Please share with us a synopsis of your nursing career.
As of this year, I’ve worked at Children’s Hospital Los Angeles for 30 years. I began my nursing career in high school by participating in a career path course that resulted in my earning a certification as a CNA. Attending Mount St. Mary’s in Los Angeles, I earned my BSN. I had a very positive clinical rotation at Children’s Hospital as a student nurse and was lucky enough to be hired as a new grad.

Over three decades, I’ve been a staff nurse on the toddler unit, assistant nurse manager on the infant unit and served as house supervisor at Children’s Hospital for about 20 years.

I have also served on the Children’s Emergency Preparedness Committee. We receive federal funding that assists hospitals to prepare for disasters. I’m now also the manager of the Children’s Hospital Los Angeles Disaster Resource Center, coordinating with other L.A. County entities in preparing for a variety of disasters. Having been a member of the Emergency Preparedness Committee and a house supervisor, I’ve always understood the bigger picture in terms of disaster preparedness.

Tell us a little more about emergency preparedness in L.A. County.

Funding comes from the Office of the Assistant Secretary and Response (ASPR) for the Hospital Preparedness Program (HPP). Each state is awarded money every year from the federal government. Four cities have been identified as high-risk: New York, Chicago, L.A. and Washington, D.C.

Thirteen hospitals in the area — out of approximately 100 total in L.A. County — have taken the lead in developing a disaster resource center program and Children’s Hospital Los Angeles is the Pediatric Disaster Resource Center. We are a regionally located disaster resource center working with area hospitals in county-wide planning and preparation for large-scale events.

We have a large cache of medical supplies, pharmaceuticals and equipment and we’re ready for most any event. The relationships that have been built between the different hospitals and agencies are very important. Everyone knows one another and we have a good working knowledge of the strengths and resources offered by each individual facility.

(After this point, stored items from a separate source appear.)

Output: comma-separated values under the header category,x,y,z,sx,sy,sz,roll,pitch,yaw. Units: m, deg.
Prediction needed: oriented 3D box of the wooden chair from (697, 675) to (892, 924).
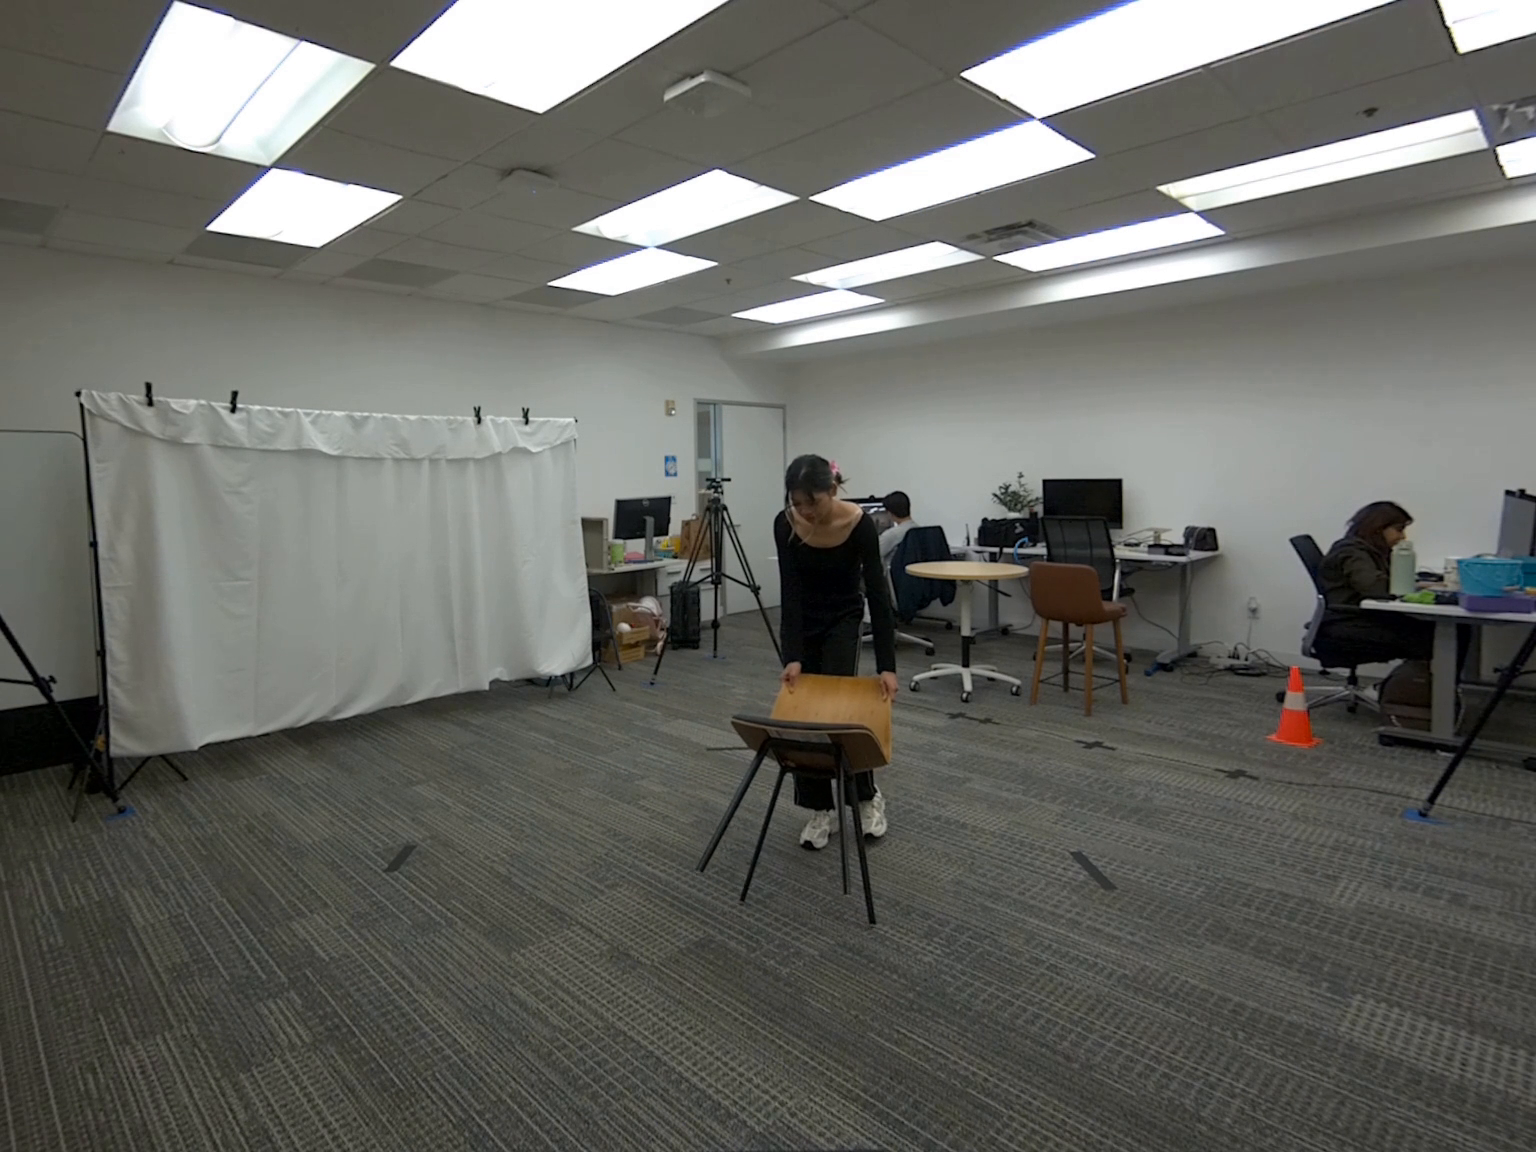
category,x,y,z,sx,sy,sz,roll,pitch,yaw
wooden chair,0.134,0.595,2.761,0.488,0.892,0.504,0,-36,21
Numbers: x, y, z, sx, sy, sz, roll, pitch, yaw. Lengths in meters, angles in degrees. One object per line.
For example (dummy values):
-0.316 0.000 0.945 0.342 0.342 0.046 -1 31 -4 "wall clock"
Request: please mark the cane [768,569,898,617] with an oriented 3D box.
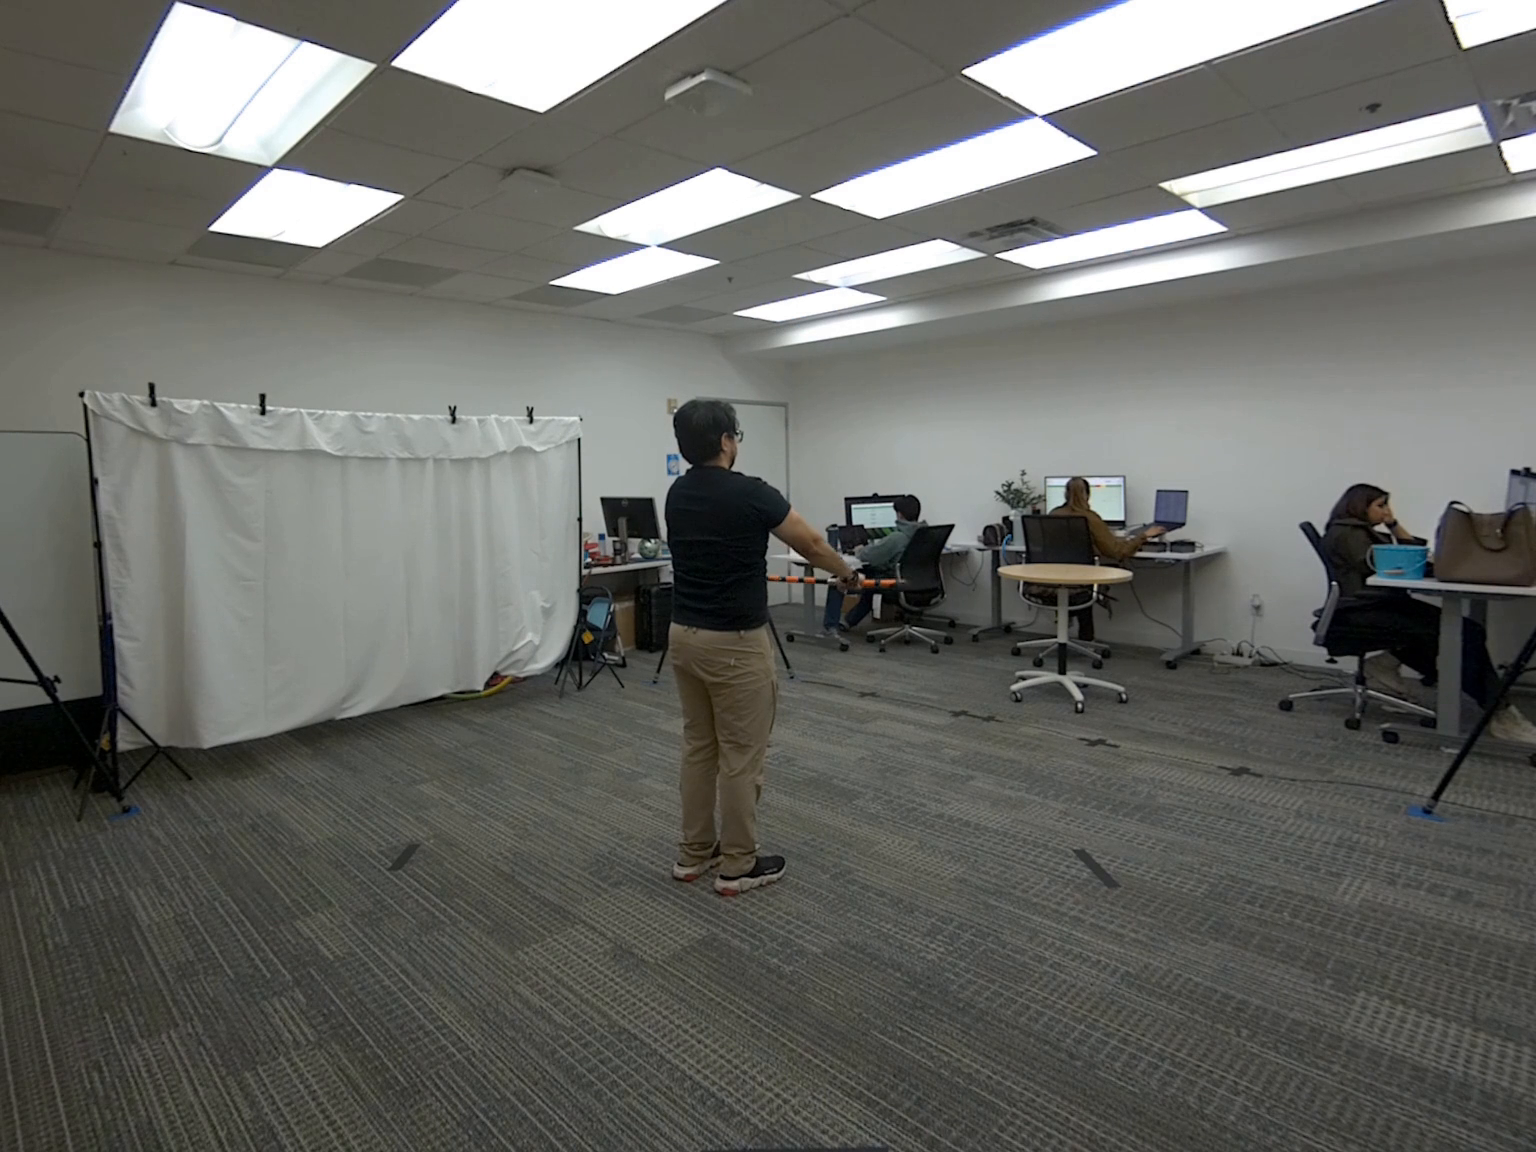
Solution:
0.140 0.022 3.269 0.934 0.151 0.201 1 3 41 "cane"
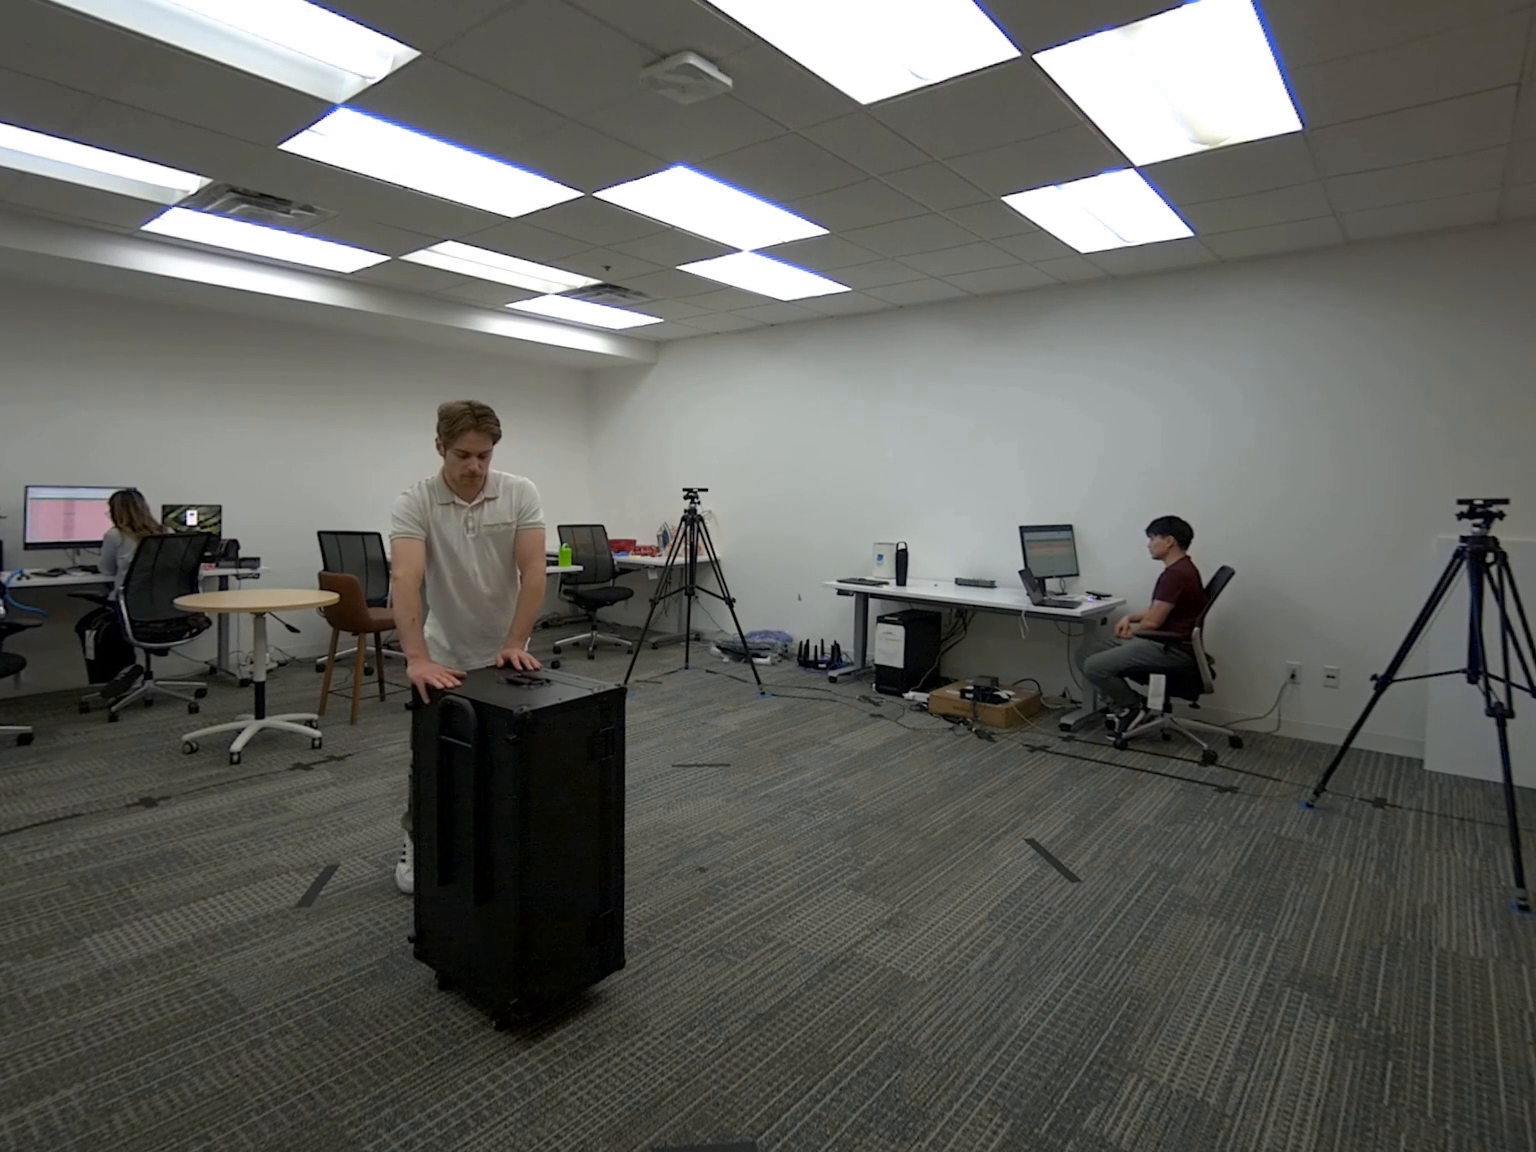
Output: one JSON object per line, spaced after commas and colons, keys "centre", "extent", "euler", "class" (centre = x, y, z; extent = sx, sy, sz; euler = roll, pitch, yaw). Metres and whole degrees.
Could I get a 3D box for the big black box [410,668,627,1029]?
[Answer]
{"centre": [-0.687, 0.718, 2.327], "extent": [0.540, 0.866, 0.374], "euler": [3, 4, 37], "class": "big black box"}

Kathy Stevenson prepares the CHLA team

Disaster Relief Nursing at CHLA 

What types of events are you prepared for?
We use what is called an “all hazards approach”: looking at what disasters have in common, including communication, logistics, command structure and the hierarchy of authority. Being nimble is essential since we work in a world of hypotheticals and theoreticals. No two disasters are the same and we need to consider the lessons that are learned each time.

Regarding specific types of events, we are prepared for natural disasters such as earthquakes and wildfires; active shooter and hostile work environment scenarios; and chemical, biological and nuclear disasters, including the ability to conduct wide-scale decontamination.

We have worked to develop mass fatality plans, medical mass care plans and family information center plans, including schools and other facilities. In terms of mental health for staff and victims, we are prepared to offer support during and following any large-scale event.

Crucially, we’ve developed a “pediatric surge plan” to help hospitals deal with an event that includes a disproportionate number of child victims. We’ve examined methods for harnessing the ability of hospitals to respond, offered additional training for non-pediatric hospital staff and discussed strategies so that EMS personnel can distribute pediatric patients to appropriately prepared facilities throughout the county.

What do you find most challenging about your work in disaster relief?
Just when we think we have it solved, something new happens or we realize that we need to practice a certain type of drill or potential scenario. With emergency preparedness, it’s difficult to persuade people who are very busy in their daily lives to think about preparedness. Probably fewer than 25 percent of people are properly prepared for disasters and keeping emergency preparedness at the top of people’s minds is a challenge since few people believe that something bad may actually happen.

We like to provide staff with enough training for them to have their homes and families prepared for various scenarios. If our staff are not prepared at home and secure that their loved ones know what to do in case of emergency, they won’t be able to be focused at work when we need them most.

Having said that, on the third Thursday of every October, we have a statewide drill known as “The Shakeout.” In this well-publicized event, people around the state practice what they will need to do during an actual earthquake. Many local businesses are involved as well as most aspects of the public sector.

Kathy Stevenson and team on Move Day


What about your work feeds your spirit and helps you to come back each day?
I think I’ve tried to be a problem-solver throughout my career and emergency preparedness is always about trying to solve problems. The more information we can give people and the more we practice, the more nimble we can be when something actually happens.

During large- and small-scale drills, we utilize Boy Scouts and Girl Scouts as “victims” and I use these opportunities as teaching moments. It’s great to see the light bulb turn on in their young heads and the ripple effect of that knowledge can be enormous. Even if an interaction results in one person or family putting together an emergency preparedness kit, I feel so good about it.

Hospitals are earnestly preparing for how they can play a part in preparedness and our many opportunities for teaching and learning is what keeps me coming back and making a difference.

As a nurse, I find that nursing knowledge always prepares us to problem-solve and come up with solutions and plans. Thus, disaster response and nursing are a wonderful combination of skills.

Is there something you’d like to share to illustrate the positive ripple effect of your work?
There have been a number of our staff who have chosen to join volunteer disaster relief teams in other region of the United States as well as in other countries. Our staff members feel competent in rising to the occasion — both locally and beyond L.A. — and I’m proud that we have such giving people in our midst.

How do you debrief from the stress? How do you care for yourself?  
The disaster resource center has worked to provide our staff with training in ongoing personal care. We have also covered issues around what healthcare professionals can do to help debrief and release stress from participating in a large-scale event.

When an individual is impacted by a traumatic event, it’s important for them to identify on whom they can rely for support. They also need to be aware of the feelings and sensations that are signs of stress and the need to practice good self-care.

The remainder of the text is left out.